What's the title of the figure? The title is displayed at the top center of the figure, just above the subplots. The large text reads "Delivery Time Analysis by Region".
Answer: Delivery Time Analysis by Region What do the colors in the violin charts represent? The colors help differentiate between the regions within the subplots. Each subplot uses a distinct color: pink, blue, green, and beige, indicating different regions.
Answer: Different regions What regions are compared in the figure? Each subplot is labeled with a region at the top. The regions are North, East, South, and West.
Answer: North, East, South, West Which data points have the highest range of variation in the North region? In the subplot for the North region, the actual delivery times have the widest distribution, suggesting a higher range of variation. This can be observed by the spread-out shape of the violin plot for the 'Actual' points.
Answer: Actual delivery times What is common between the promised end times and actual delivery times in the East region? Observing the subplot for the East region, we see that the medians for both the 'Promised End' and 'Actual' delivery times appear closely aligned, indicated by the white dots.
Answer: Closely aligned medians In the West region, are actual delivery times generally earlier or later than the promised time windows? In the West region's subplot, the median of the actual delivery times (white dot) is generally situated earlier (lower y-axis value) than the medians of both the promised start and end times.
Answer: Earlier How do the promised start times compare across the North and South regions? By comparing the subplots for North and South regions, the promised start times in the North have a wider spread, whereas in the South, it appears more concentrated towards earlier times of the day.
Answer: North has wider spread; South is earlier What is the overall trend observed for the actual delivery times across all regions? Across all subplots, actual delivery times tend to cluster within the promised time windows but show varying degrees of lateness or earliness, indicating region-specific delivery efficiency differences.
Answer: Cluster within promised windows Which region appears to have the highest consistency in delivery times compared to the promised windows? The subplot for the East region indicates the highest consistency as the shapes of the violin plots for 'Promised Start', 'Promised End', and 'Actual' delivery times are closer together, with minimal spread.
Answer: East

────────────────

WHAT IS BEING ASKED
Transcribe the entries above exactly.

ANSWER SECTION
What's the title of the figure? The title is displayed at the top center of the figure, just above the subplots. The large text reads "Delivery Time Analysis by Region".
Answer: Delivery Time Analysis by Region What do the colors in the violin charts represent? The colors help differentiate between the regions within the subplots. Each subplot uses a distinct color: pink, blue, green, and beige, indicating different regions.
Answer: Different regions What regions are compared in the figure? Each subplot is labeled with a region at the top. The regions are North, East, South, and West.
Answer: North, East, South, West Which data points have the highest range of variation in the North region? In the subplot for the North region, the actual delivery times have the widest distribution, suggesting a higher range of variation. This can be observed by the spread-out shape of the violin plot for the 'Actual' points.
Answer: Actual delivery times What is common between the promised end times and actual delivery times in the East region? Observing the subplot for the East region, we see that the medians for both the 'Promised End' and 'Actual' delivery times appear closely aligned, indicated by the white dots.
Answer: Closely aligned medians In the West region, are actual delivery times generally earlier or later than the promised time windows? In the West region's subplot, the median of the actual delivery times (white dot) is generally situated earlier (lower y-axis value) than the medians of both the promised start and end times.
Answer: Earlier How do the promised start times compare across the North and South regions? By comparing the subplots for North and South regions, the promised start times in the North have a wider spread, whereas in the South, it appears more concentrated towards earlier times of the day.
Answer: North has wider spread; South is earlier What is the overall trend observed for the actual delivery times across all regions? Across all subplots, actual delivery times tend to cluster within the promised time windows but show varying degrees of lateness or earliness, indicating region-specific delivery efficiency differences.
Answer: Cluster within promised windows Which region appears to have the highest consistency in delivery times compared to the promised windows? The subplot for the East region indicates the highest consistency as the shapes of the violin plots for 'Promised Start', 'Promised End', and 'Actual' delivery times are closer together, with minimal spread.
Answer: East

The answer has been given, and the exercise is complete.